Exercise directions
From the line bearing "plant pot <box>443,398,565,479</box>." down to the final line of the records below, give every line again exactly and add nothing.
Start of Records shown
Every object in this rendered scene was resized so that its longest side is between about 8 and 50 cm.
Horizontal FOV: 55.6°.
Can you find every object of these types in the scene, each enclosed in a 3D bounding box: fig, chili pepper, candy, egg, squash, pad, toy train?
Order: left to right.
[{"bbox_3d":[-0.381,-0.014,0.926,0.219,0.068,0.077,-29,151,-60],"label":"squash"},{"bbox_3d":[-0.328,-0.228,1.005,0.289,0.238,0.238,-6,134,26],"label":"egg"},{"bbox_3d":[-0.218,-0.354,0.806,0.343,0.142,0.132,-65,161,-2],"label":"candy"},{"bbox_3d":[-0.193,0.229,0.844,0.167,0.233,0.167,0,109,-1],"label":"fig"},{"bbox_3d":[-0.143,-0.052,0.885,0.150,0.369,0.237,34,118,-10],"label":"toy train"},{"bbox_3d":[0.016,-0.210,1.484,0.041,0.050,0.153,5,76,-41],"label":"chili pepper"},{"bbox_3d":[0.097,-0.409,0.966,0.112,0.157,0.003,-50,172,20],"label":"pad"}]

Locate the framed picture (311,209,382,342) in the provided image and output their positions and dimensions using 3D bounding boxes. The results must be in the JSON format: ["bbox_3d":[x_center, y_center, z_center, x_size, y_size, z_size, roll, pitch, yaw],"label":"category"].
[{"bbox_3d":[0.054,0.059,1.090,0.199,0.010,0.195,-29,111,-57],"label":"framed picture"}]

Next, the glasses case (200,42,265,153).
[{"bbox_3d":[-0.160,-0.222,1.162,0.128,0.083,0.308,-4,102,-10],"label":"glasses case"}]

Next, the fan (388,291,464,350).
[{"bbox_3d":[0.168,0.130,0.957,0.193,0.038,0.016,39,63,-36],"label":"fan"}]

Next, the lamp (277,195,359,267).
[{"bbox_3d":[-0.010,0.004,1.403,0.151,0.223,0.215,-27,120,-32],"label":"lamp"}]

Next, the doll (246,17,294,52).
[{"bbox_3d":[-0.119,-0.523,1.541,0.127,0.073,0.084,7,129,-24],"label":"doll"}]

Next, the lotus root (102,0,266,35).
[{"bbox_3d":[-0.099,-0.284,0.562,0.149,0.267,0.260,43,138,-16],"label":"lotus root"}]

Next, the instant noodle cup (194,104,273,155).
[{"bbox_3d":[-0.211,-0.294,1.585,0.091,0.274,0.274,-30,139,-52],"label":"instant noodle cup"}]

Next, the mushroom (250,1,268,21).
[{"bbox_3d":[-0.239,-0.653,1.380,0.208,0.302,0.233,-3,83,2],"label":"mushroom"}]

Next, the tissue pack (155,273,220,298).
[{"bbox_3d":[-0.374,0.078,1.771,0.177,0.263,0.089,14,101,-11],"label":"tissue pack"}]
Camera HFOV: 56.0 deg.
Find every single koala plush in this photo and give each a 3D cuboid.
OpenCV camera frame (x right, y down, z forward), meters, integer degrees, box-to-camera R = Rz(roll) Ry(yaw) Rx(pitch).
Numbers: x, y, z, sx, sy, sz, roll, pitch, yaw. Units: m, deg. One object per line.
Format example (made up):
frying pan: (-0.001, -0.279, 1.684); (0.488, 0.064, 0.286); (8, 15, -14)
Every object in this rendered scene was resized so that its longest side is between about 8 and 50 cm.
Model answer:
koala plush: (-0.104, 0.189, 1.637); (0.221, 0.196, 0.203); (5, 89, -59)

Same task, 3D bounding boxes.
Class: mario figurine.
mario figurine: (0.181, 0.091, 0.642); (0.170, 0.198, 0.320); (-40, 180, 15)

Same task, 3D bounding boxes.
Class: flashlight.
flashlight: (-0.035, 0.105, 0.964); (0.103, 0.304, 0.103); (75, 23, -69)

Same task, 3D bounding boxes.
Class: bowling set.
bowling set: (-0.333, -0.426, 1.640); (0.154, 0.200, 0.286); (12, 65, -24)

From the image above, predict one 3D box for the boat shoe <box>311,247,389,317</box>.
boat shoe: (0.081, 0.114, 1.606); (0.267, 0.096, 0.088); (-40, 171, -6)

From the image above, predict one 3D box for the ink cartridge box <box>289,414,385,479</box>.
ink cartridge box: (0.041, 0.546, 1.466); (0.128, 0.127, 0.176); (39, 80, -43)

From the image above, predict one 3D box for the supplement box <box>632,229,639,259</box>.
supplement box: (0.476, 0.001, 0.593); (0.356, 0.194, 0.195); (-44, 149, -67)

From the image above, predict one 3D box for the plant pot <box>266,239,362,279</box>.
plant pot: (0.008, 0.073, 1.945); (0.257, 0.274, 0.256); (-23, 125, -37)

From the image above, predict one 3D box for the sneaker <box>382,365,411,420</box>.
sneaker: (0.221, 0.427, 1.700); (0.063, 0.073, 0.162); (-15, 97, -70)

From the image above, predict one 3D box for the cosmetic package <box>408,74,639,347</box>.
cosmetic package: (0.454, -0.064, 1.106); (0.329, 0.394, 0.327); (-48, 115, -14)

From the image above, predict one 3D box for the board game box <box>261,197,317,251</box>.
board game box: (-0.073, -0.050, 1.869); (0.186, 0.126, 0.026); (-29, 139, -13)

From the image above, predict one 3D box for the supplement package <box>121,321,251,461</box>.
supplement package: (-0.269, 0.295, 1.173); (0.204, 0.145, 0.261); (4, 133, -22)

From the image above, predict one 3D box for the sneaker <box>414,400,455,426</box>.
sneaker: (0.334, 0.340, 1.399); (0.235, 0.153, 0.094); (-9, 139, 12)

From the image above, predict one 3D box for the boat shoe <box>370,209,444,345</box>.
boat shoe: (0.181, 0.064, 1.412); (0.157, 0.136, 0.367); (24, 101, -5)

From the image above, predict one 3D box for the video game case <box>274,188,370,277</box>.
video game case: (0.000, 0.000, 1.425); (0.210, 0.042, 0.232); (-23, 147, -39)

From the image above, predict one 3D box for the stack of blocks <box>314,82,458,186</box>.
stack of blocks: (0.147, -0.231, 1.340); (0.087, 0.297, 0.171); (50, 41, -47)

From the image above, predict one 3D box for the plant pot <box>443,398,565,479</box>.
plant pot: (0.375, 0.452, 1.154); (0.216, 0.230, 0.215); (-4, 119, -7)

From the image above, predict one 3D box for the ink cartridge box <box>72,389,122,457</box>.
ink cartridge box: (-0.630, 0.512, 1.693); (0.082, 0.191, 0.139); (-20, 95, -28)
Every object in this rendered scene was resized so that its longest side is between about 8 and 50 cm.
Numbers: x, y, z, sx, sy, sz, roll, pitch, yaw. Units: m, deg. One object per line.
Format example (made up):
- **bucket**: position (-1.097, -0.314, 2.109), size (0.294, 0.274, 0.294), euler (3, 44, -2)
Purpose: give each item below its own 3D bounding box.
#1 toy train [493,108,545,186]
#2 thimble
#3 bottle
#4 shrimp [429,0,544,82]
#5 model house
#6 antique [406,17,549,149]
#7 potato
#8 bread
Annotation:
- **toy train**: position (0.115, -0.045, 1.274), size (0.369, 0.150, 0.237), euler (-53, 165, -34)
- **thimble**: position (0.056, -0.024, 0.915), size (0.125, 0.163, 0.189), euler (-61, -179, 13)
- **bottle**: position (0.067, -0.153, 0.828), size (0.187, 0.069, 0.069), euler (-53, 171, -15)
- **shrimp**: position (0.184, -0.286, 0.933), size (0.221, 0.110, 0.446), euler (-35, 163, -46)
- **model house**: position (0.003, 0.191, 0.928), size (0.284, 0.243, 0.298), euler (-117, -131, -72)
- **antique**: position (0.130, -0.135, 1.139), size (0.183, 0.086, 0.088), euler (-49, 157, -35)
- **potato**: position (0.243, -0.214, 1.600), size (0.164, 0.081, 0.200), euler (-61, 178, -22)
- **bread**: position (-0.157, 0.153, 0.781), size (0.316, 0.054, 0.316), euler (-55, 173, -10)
End of Records shown
Written solution
From the image above, predict one 3D box for the plant pot <box>443,398,565,479</box>.
plant pot: (0.375, 0.452, 1.154); (0.216, 0.230, 0.215); (-4, 119, -7)

From the image above, predict one 3D box for the ink cartridge box <box>72,389,122,457</box>.
ink cartridge box: (-0.630, 0.512, 1.693); (0.082, 0.191, 0.139); (-20, 95, -28)
Every object in this rendered scene was resized so that its longest side is between about 8 and 50 cm.
Numbers: x, y, z, sx, sy, sz, roll, pitch, yaw. Units: m, deg. One object per line.
Format example (made up):
- **bucket**: position (-1.097, -0.314, 2.109), size (0.294, 0.274, 0.294), euler (3, 44, -2)
Purpose: give each item below its own 3D bounding box.
#1 toy train [493,108,545,186]
#2 thimble
#3 bottle
#4 shrimp [429,0,544,82]
#5 model house
#6 antique [406,17,549,149]
#7 potato
#8 bread
Annotation:
- **toy train**: position (0.115, -0.045, 1.274), size (0.369, 0.150, 0.237), euler (-53, 165, -34)
- **thimble**: position (0.056, -0.024, 0.915), size (0.125, 0.163, 0.189), euler (-61, -179, 13)
- **bottle**: position (0.067, -0.153, 0.828), size (0.187, 0.069, 0.069), euler (-53, 171, -15)
- **shrimp**: position (0.184, -0.286, 0.933), size (0.221, 0.110, 0.446), euler (-35, 163, -46)
- **model house**: position (0.003, 0.191, 0.928), size (0.284, 0.243, 0.298), euler (-117, -131, -72)
- **antique**: position (0.130, -0.135, 1.139), size (0.183, 0.086, 0.088), euler (-49, 157, -35)
- **potato**: position (0.243, -0.214, 1.600), size (0.164, 0.081, 0.200), euler (-61, 178, -22)
- **bread**: position (-0.157, 0.153, 0.781), size (0.316, 0.054, 0.316), euler (-55, 173, -10)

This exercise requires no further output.